Friday, March 11, 2022

An Odd Result

After adding gene lists to the database, it's important to test these new lists against all other lists in the database via Fisher's exact test. This helps us spot potential errors. For example, it's possible we've already entered the data into the database; the new study is re-using data from another study. Let's say the new study examines interferon effects on a cell line; if the up-regulation results mirror the down-regulation results from myriad other IFN studies, there's likely some error involving +/- signs or labeling of data. These errors could be generated on our side, but they definitely can also be generated by the folks who do the wet lab work and initial data generation.

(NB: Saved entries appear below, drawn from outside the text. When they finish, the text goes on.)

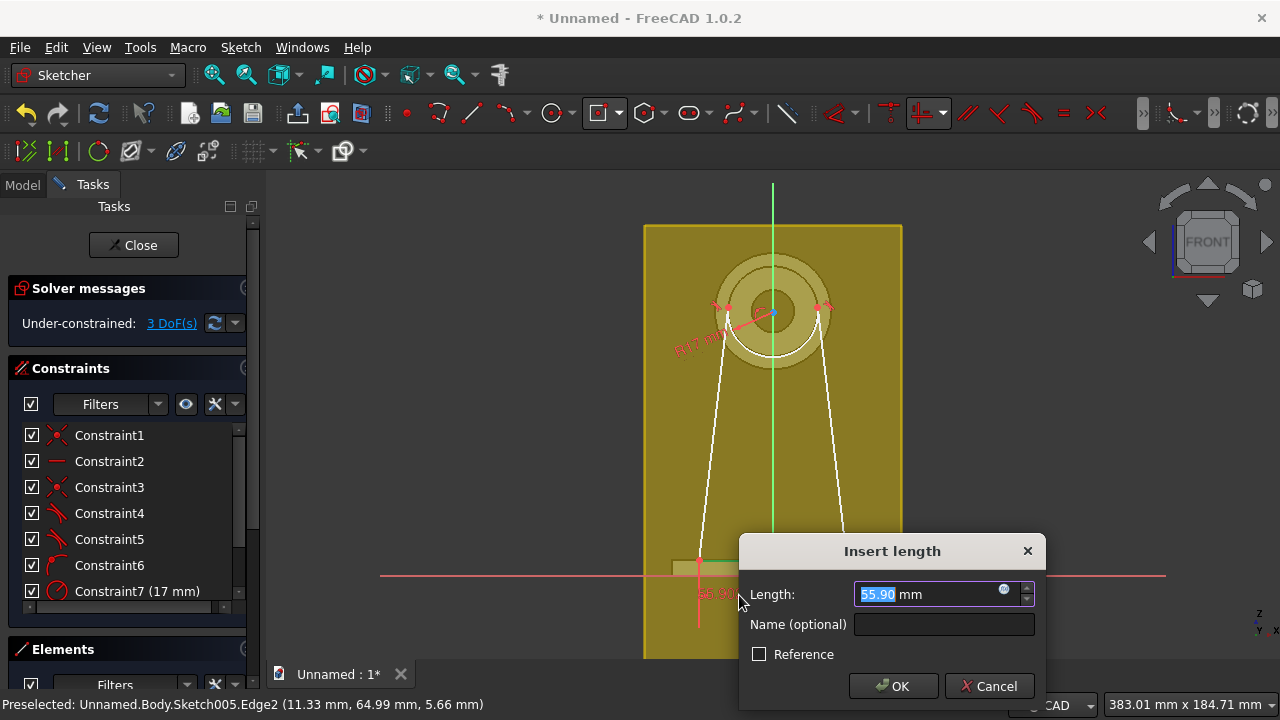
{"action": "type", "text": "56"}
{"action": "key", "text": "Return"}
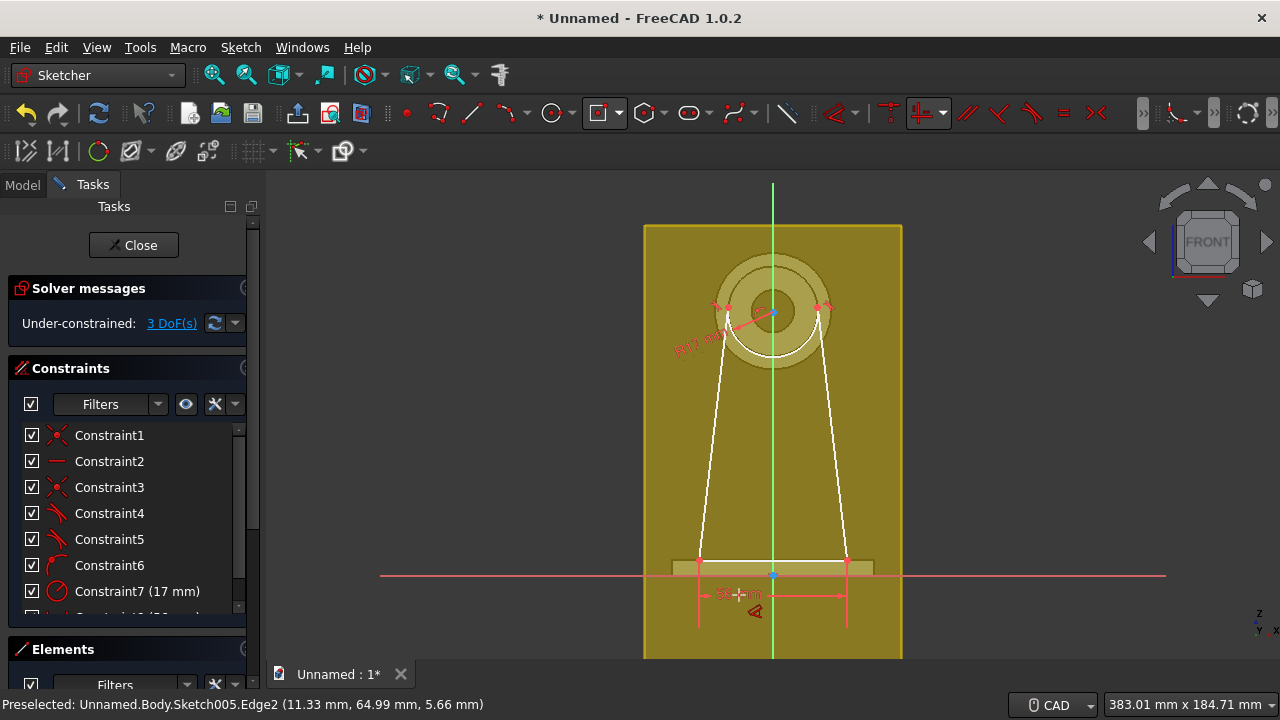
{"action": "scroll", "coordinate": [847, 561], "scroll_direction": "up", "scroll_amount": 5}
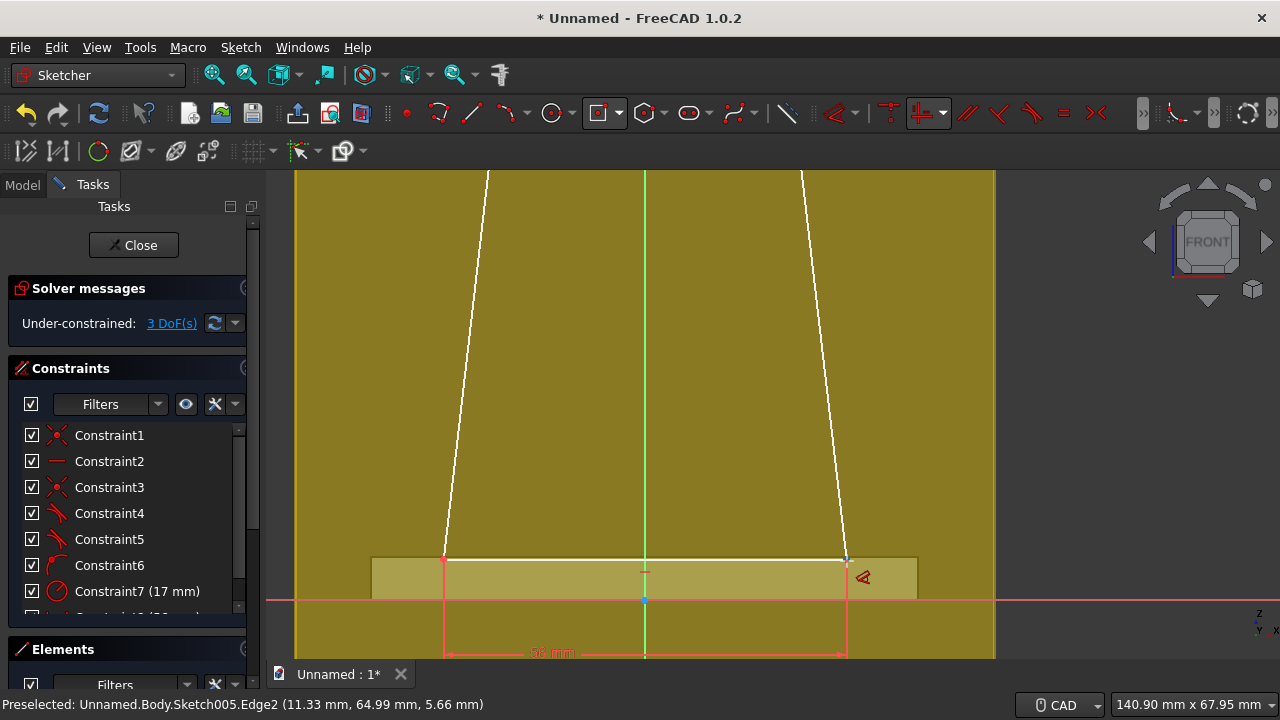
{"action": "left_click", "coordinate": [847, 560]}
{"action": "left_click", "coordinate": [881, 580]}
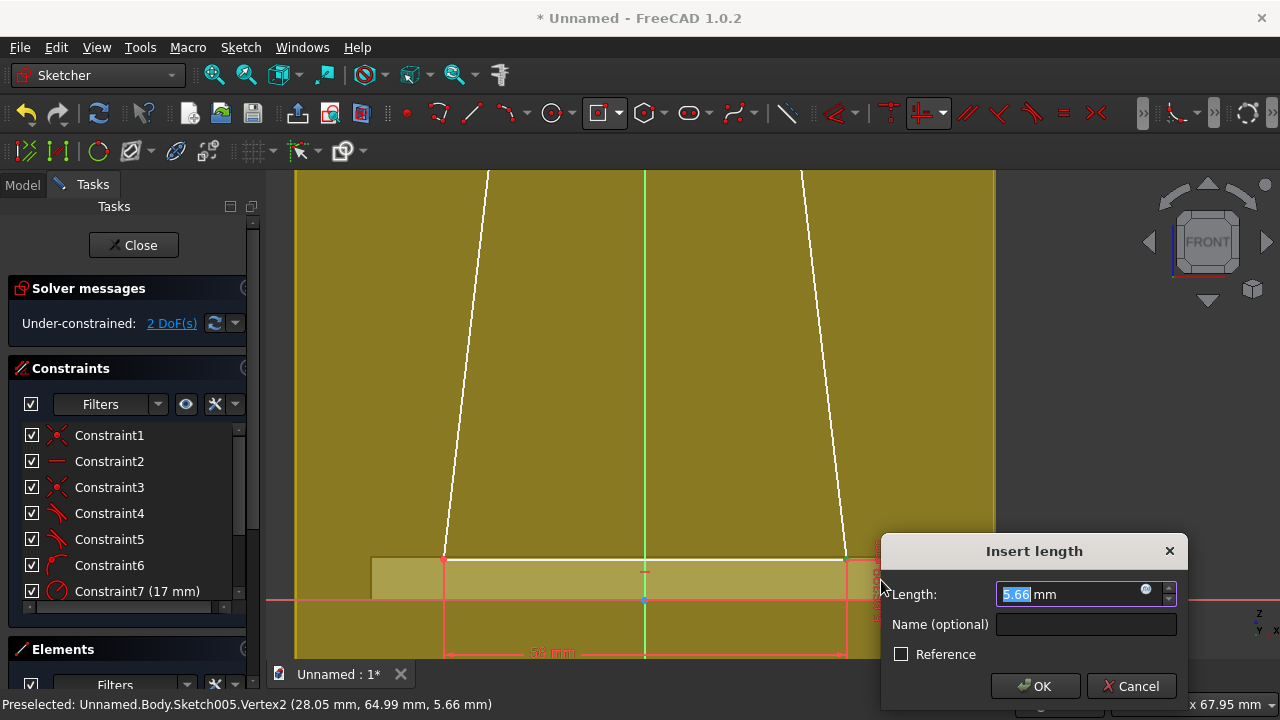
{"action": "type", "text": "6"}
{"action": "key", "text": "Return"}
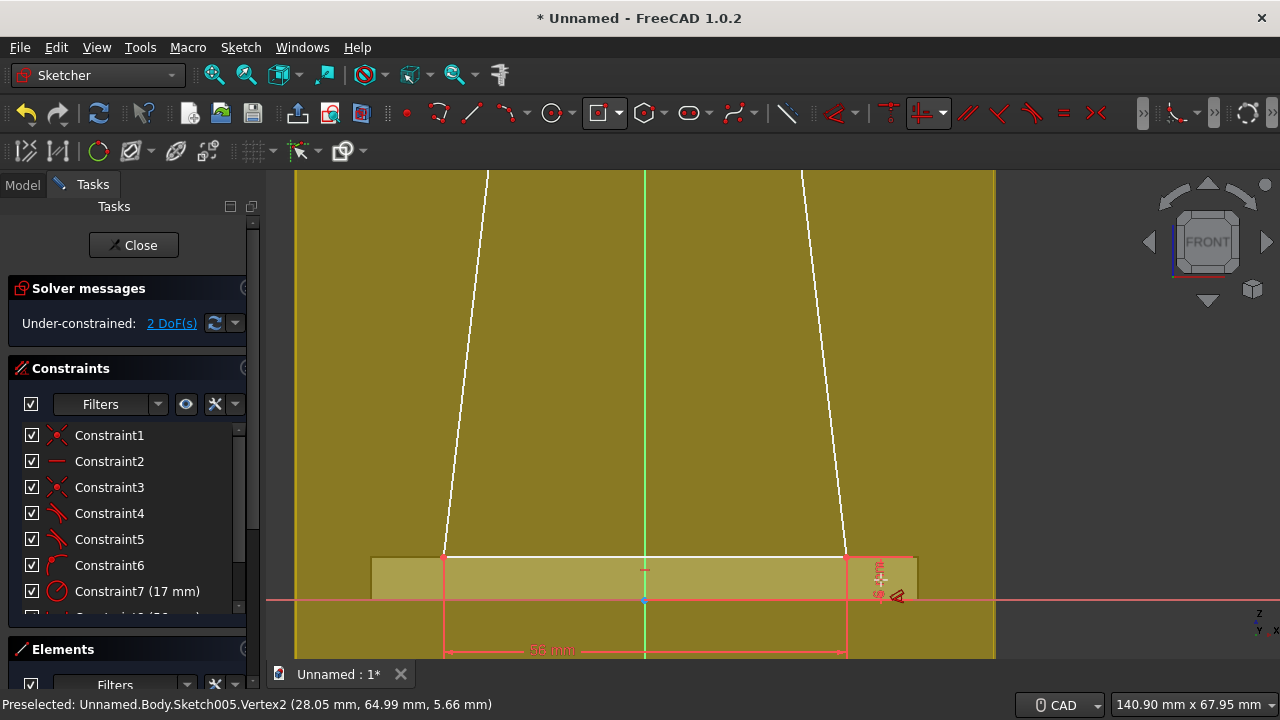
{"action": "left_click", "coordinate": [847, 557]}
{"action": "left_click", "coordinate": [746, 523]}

Here's another kind of error. We grab a list of genes that are most commonly mutated in cancer (Mutational landscape and significance across 12 major cancer types, table s2). Running the list against all other lists in the database, we see that proteins with high molecular weights intersect with high significance. This signals an error of sorts. Long genes simply have more opportunity to be mutated than short genes. It makes sense, then, to adjust the mutation list by molecular weight. We do that.

We then run the adjusted list of commonly mutated cancer genes against our database again. The results, for the most part, make sense. For example, hypomethylated genes in lung cancer match up nicely with the mutation list (log(P)=-44); one can imagine that if a cancer wishes to target a gene, it could alter methylation patterns or mutate it (or, perhaps, the mutation itself alters the methylation pattern). Hypomethylated genes in other cancer types also match up with those in the mutation list. An independent list of genes mutated in ampullary carcinomas intersects nicely; no surprise. The same goes for a study of mutations in glioma. And so on.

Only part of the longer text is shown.